* YOUR INSTRUCTIONS *
Recreate the listing that follows line for line, without pictures.
──────
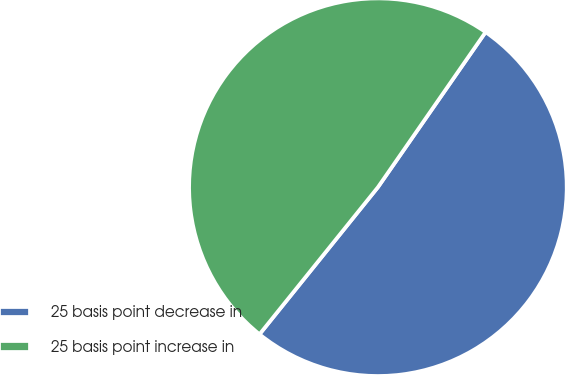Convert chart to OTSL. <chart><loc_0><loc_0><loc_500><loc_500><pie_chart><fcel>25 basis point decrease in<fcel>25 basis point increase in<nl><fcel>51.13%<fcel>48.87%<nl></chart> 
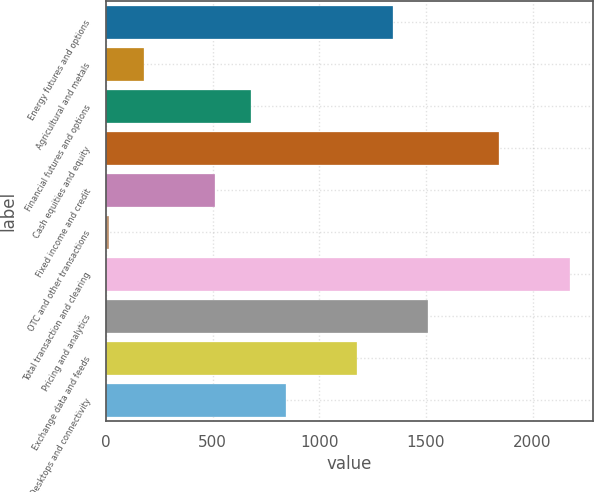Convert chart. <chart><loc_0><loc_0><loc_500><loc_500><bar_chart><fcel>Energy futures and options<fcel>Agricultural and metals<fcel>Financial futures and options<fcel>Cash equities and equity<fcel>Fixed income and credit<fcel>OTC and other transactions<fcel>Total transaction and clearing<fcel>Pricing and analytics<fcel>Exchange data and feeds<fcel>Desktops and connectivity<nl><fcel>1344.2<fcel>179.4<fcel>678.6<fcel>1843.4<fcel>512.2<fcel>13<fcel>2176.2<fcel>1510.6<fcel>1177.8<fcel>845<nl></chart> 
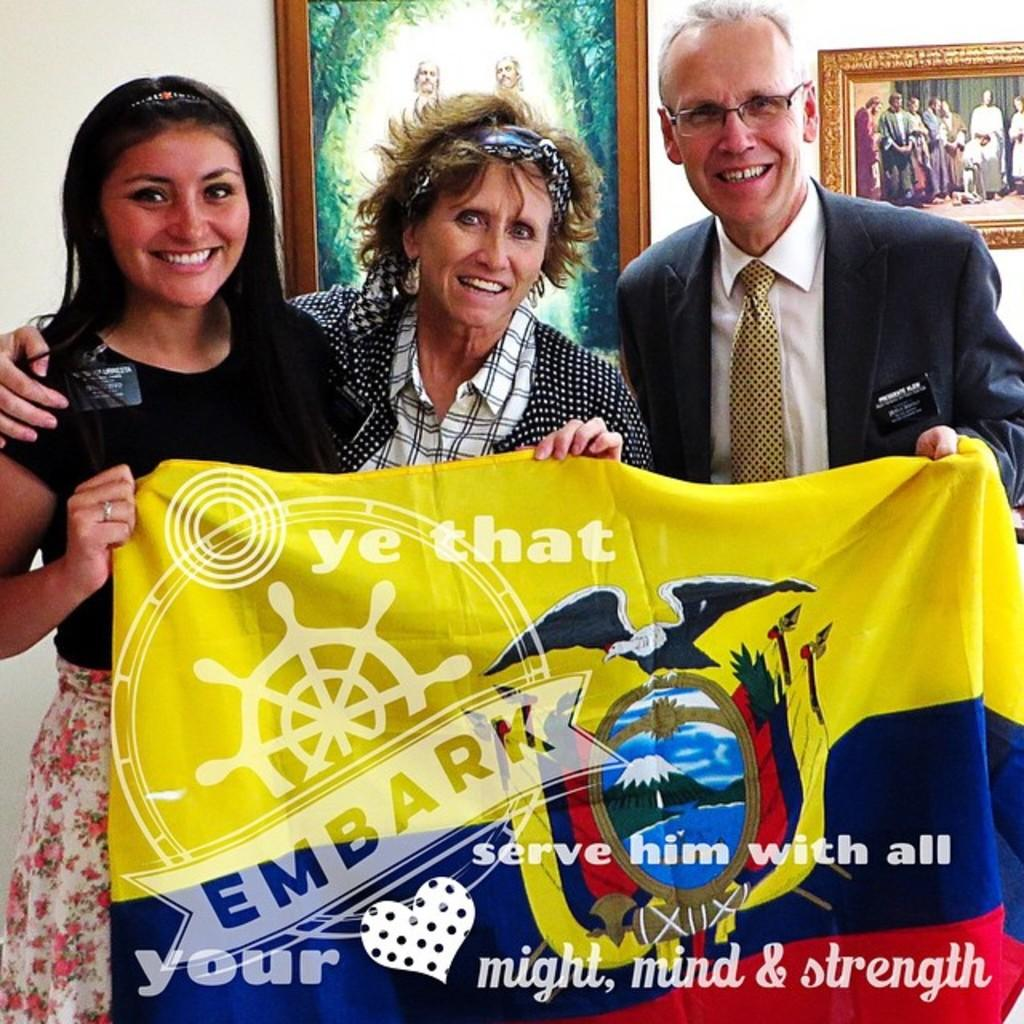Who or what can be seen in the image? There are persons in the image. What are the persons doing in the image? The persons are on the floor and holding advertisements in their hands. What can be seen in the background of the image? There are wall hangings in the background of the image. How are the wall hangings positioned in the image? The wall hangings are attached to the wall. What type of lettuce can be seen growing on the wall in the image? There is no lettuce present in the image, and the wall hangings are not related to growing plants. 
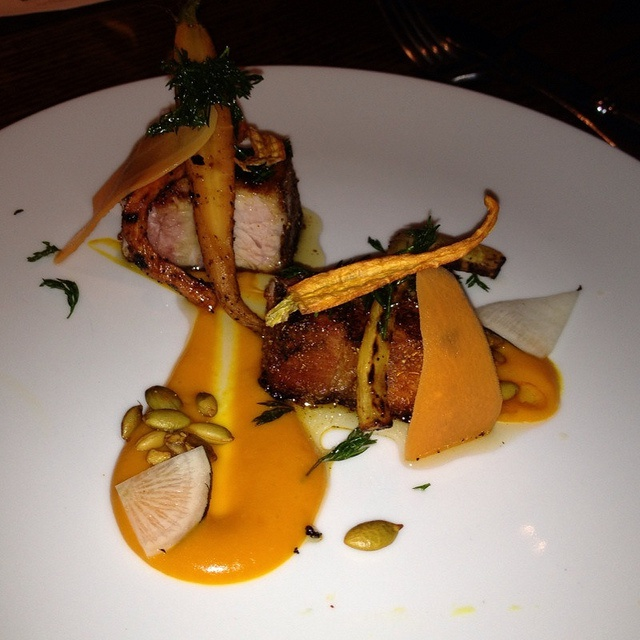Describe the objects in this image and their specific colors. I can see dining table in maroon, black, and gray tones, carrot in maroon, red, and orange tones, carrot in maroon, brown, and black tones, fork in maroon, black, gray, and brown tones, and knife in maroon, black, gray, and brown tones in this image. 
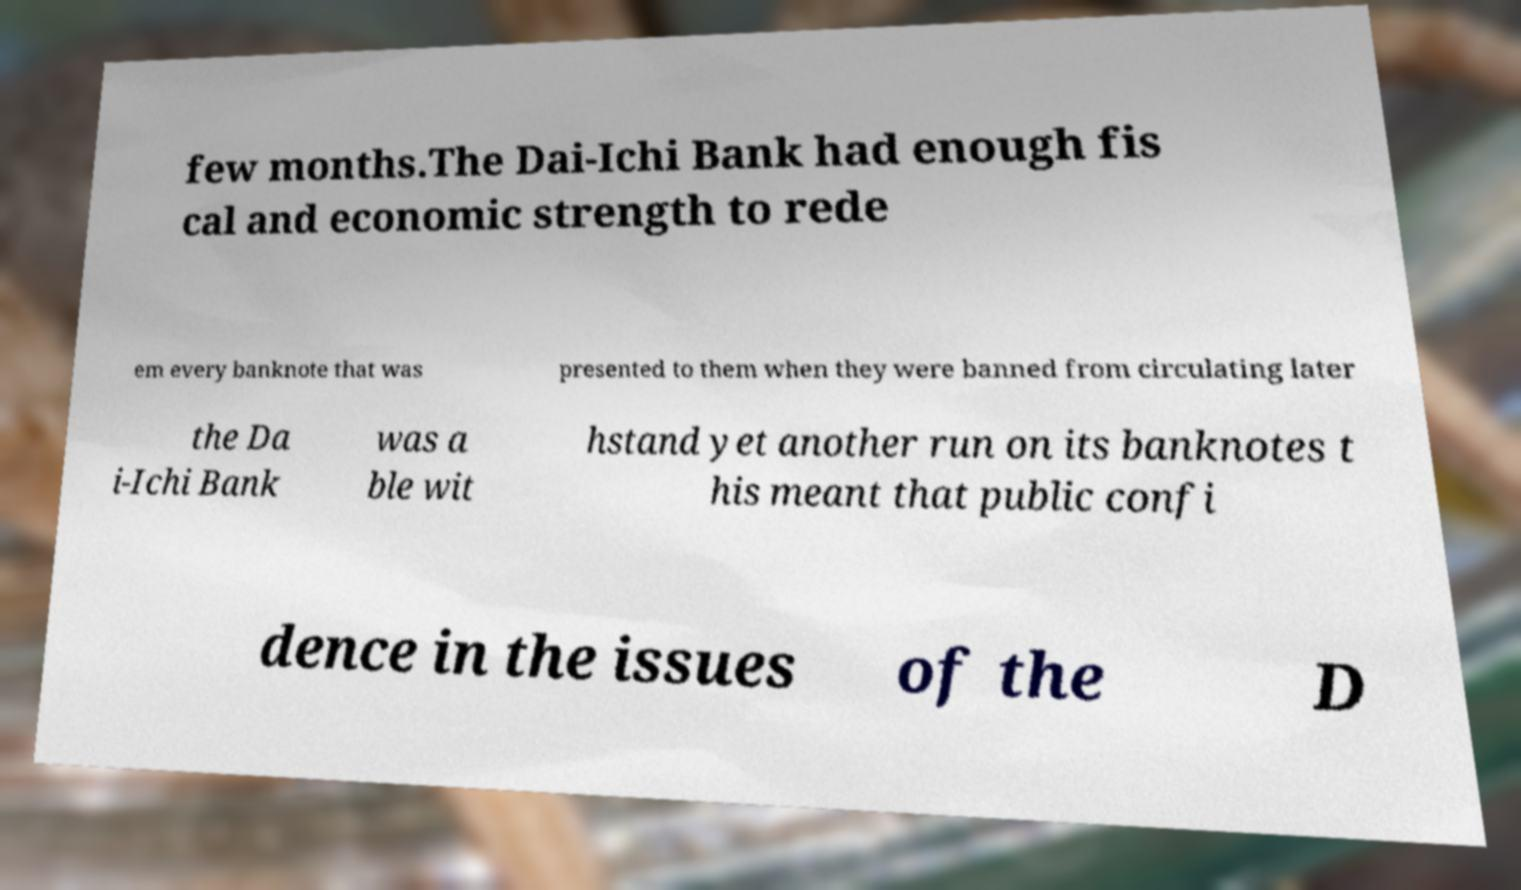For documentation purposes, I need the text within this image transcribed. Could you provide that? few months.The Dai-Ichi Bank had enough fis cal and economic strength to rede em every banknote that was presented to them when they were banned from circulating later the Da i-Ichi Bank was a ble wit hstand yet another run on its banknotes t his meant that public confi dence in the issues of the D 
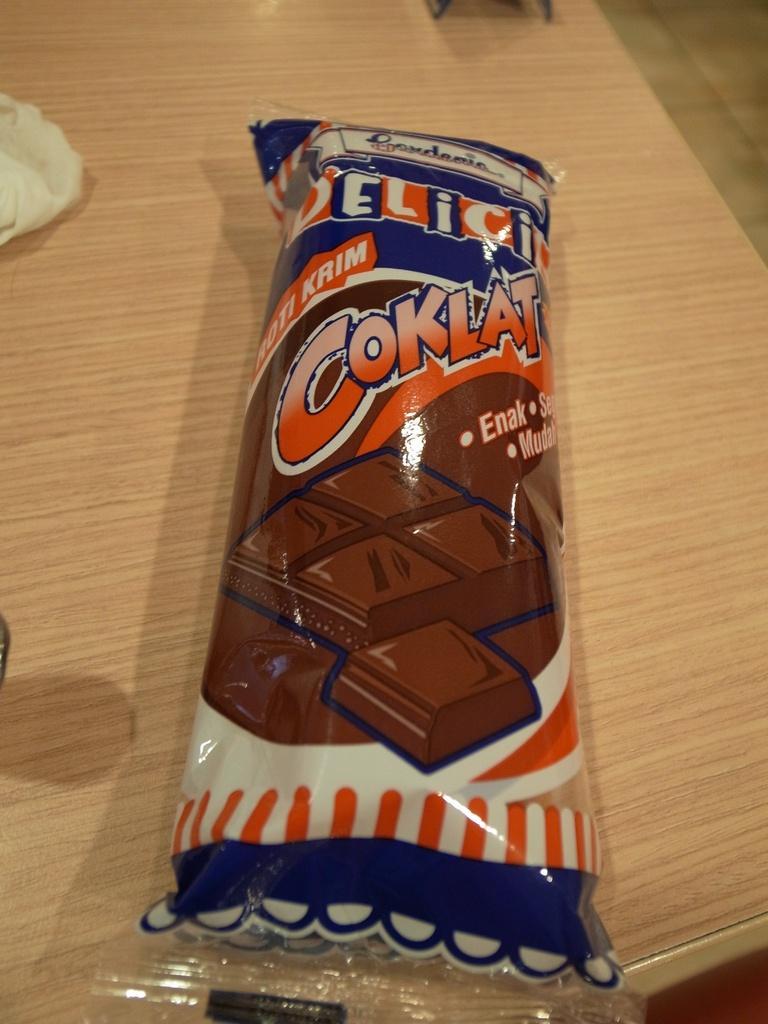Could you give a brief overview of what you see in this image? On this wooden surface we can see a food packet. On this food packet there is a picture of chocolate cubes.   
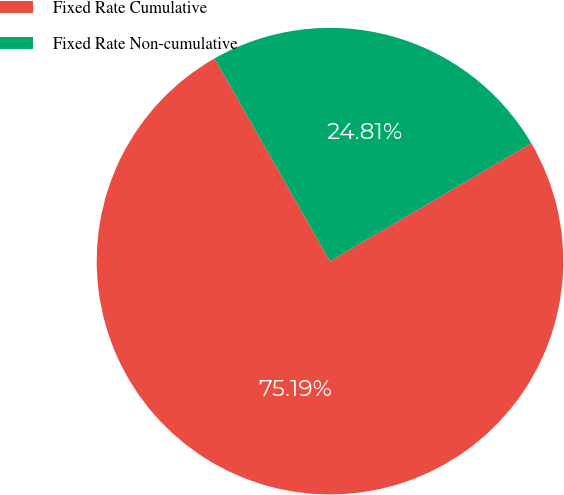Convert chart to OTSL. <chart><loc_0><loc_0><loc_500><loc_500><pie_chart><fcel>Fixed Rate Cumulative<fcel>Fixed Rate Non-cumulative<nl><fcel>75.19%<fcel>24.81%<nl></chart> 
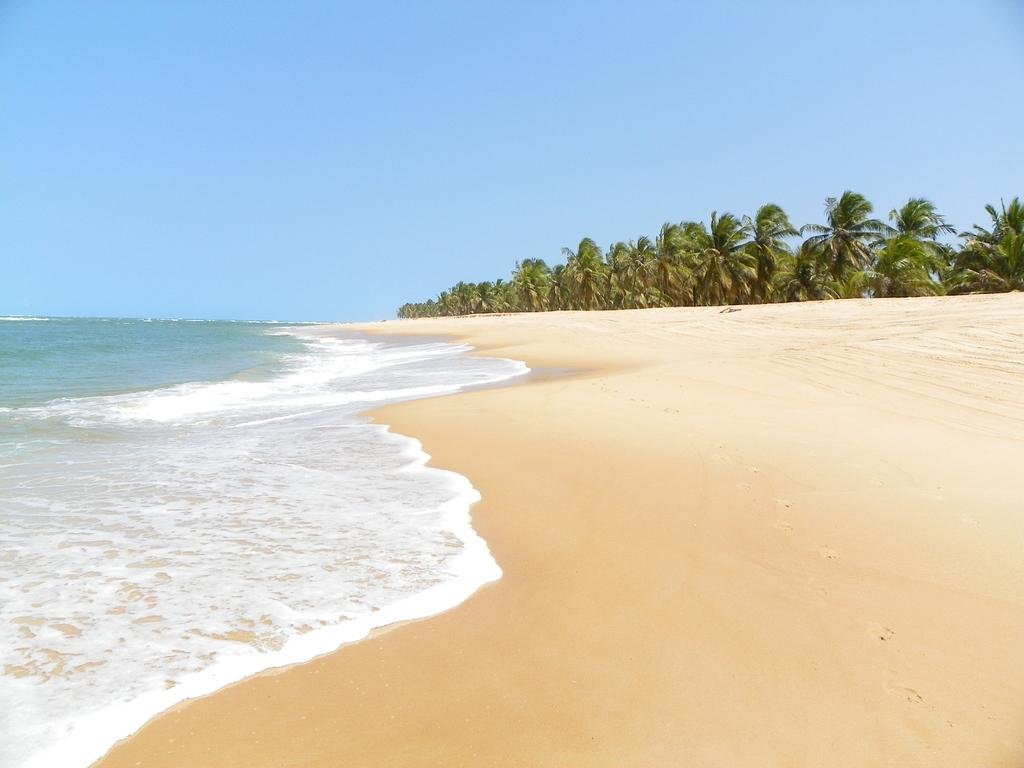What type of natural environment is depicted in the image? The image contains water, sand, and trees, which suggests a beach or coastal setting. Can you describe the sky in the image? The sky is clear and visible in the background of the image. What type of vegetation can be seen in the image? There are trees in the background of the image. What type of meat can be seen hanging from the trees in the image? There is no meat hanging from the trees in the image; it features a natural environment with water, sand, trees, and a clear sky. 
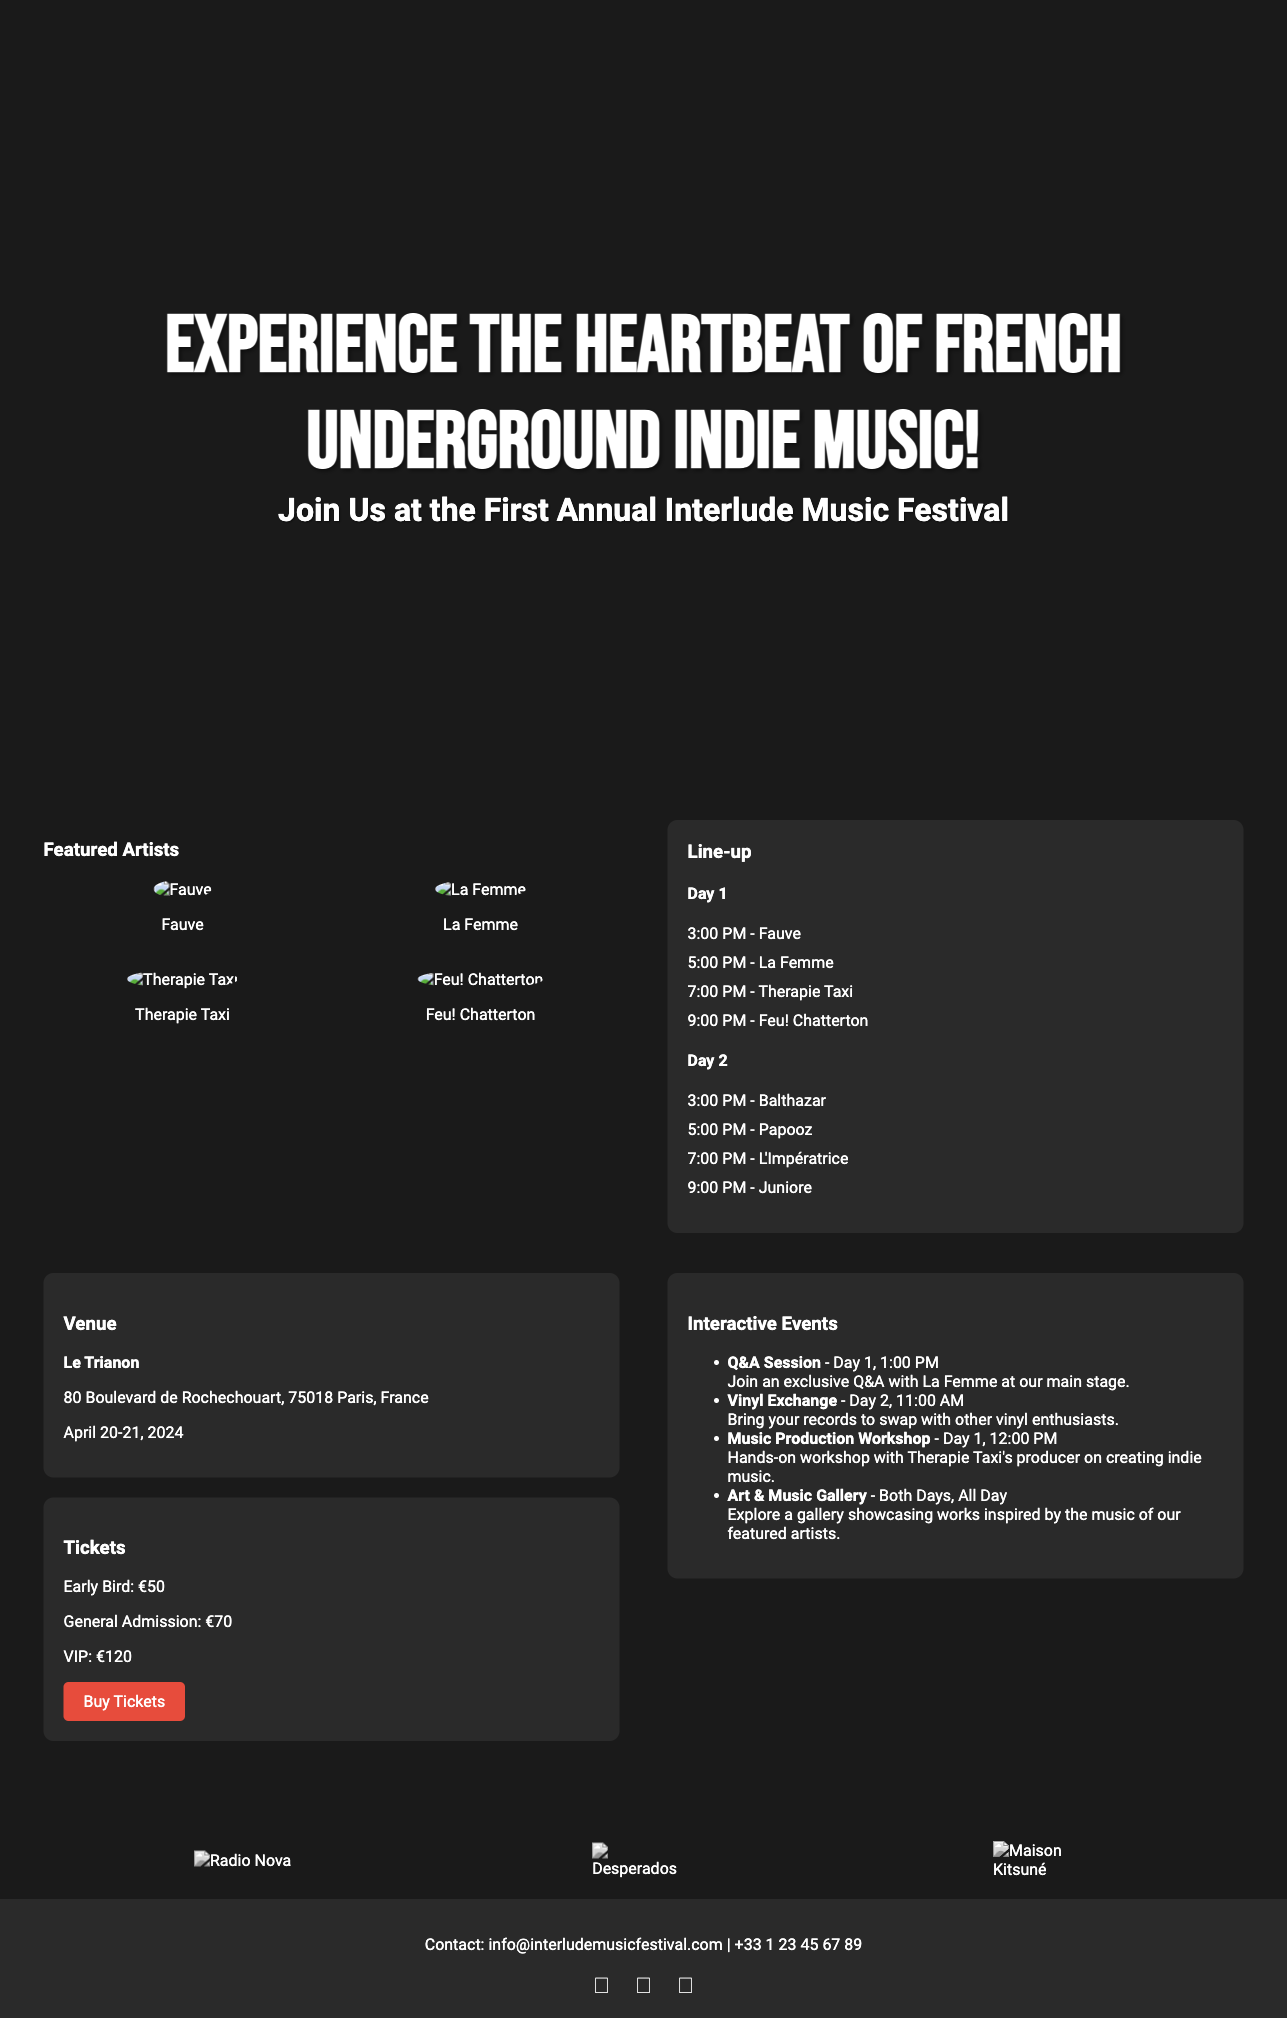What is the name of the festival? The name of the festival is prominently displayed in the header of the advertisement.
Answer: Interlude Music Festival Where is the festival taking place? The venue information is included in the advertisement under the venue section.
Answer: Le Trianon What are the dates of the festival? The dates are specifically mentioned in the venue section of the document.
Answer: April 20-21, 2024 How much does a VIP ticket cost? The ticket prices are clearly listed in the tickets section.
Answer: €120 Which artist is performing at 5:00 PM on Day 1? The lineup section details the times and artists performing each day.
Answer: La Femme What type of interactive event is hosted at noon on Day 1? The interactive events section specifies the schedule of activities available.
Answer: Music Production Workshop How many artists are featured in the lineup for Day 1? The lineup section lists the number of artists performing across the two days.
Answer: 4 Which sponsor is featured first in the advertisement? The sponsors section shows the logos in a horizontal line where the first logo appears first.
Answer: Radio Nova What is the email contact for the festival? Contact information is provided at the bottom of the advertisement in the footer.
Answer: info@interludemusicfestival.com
──────
* ANSWER TO THIS EXERCISE *
Convert chart to OTSL. <chart><loc_0><loc_0><loc_500><loc_500><pie_chart><fcel>25 basis point decrease in<fcel>25 basis point increase in<nl><fcel>51.13%<fcel>48.87%<nl></chart> 
Convert chart. <chart><loc_0><loc_0><loc_500><loc_500><bar_chart><fcel>Energy futures and options<fcel>Agricultural and metals<fcel>Financial futures and options<fcel>Cash equities and equity<fcel>Fixed income and credit<fcel>OTC and other transactions<fcel>Total transaction and clearing<fcel>Pricing and analytics<fcel>Exchange data and feeds<fcel>Desktops and connectivity<nl><fcel>1344.2<fcel>179.4<fcel>678.6<fcel>1843.4<fcel>512.2<fcel>13<fcel>2176.2<fcel>1510.6<fcel>1177.8<fcel>845<nl></chart> 
Who or what can be seen in the image? There are persons in the image. What are the persons doing in the image? The persons are on the floor and holding advertisements in their hands. What can be seen in the background of the image? There are wall hangings in the background of the image. How are the wall hangings positioned in the image? The wall hangings are attached to the wall. What type of lettuce can be seen growing on the wall in the image? There is no lettuce present in the image, and the wall hangings are not related to growing plants. 
Describe the objects in this image and their specific colors. I can see dining table in maroon, black, and gray tones, carrot in maroon, red, and orange tones, carrot in maroon, brown, and black tones, fork in maroon, black, gray, and brown tones, and knife in maroon, black, gray, and brown tones in this image. 
For documentation purposes, I need the text within this image transcribed. Could you provide that? few months.The Dai-Ichi Bank had enough fis cal and economic strength to rede em every banknote that was presented to them when they were banned from circulating later the Da i-Ichi Bank was a ble wit hstand yet another run on its banknotes t his meant that public confi dence in the issues of the D 
Could you give a brief overview of what you see in this image? On this wooden surface we can see a food packet. On this food packet there is a picture of chocolate cubes.   
Convert chart to OTSL. <chart><loc_0><loc_0><loc_500><loc_500><pie_chart><fcel>Fixed Rate Cumulative<fcel>Fixed Rate Non-cumulative<nl><fcel>75.19%<fcel>24.81%<nl></chart> 
What type of natural environment is depicted in the image? The image contains water, sand, and trees, which suggests a beach or coastal setting. Can you describe the sky in the image? The sky is clear and visible in the background of the image. What type of vegetation can be seen in the image? There are trees in the background of the image. What type of meat can be seen hanging from the trees in the image? There is no meat hanging from the trees in the image; it features a natural environment with water, sand, trees, and a clear sky. 
What is the name of the festival? The name of the festival is prominently displayed in the header of the advertisement.
Answer: Interlude Music Festival Where is the festival taking place? The venue information is included in the advertisement under the venue section.
Answer: Le Trianon What are the dates of the festival? The dates are specifically mentioned in the venue section of the document.
Answer: April 20-21, 2024 How much does a VIP ticket cost? The ticket prices are clearly listed in the tickets section.
Answer: €120 Which artist is performing at 5:00 PM on Day 1? The lineup section details the times and artists performing each day.
Answer: La Femme What type of interactive event is hosted at noon on Day 1? The interactive events section specifies the schedule of activities available.
Answer: Music Production Workshop How many artists are featured in the lineup for Day 1? The lineup section lists the number of artists performing across the two days.
Answer: 4 Which sponsor is featured first in the advertisement? The sponsors section shows the logos in a horizontal line where the first logo appears first.
Answer: Radio Nova What is the email contact for the festival? Contact information is provided at the bottom of the advertisement in the footer.
Answer: info@interludemusicfestival.com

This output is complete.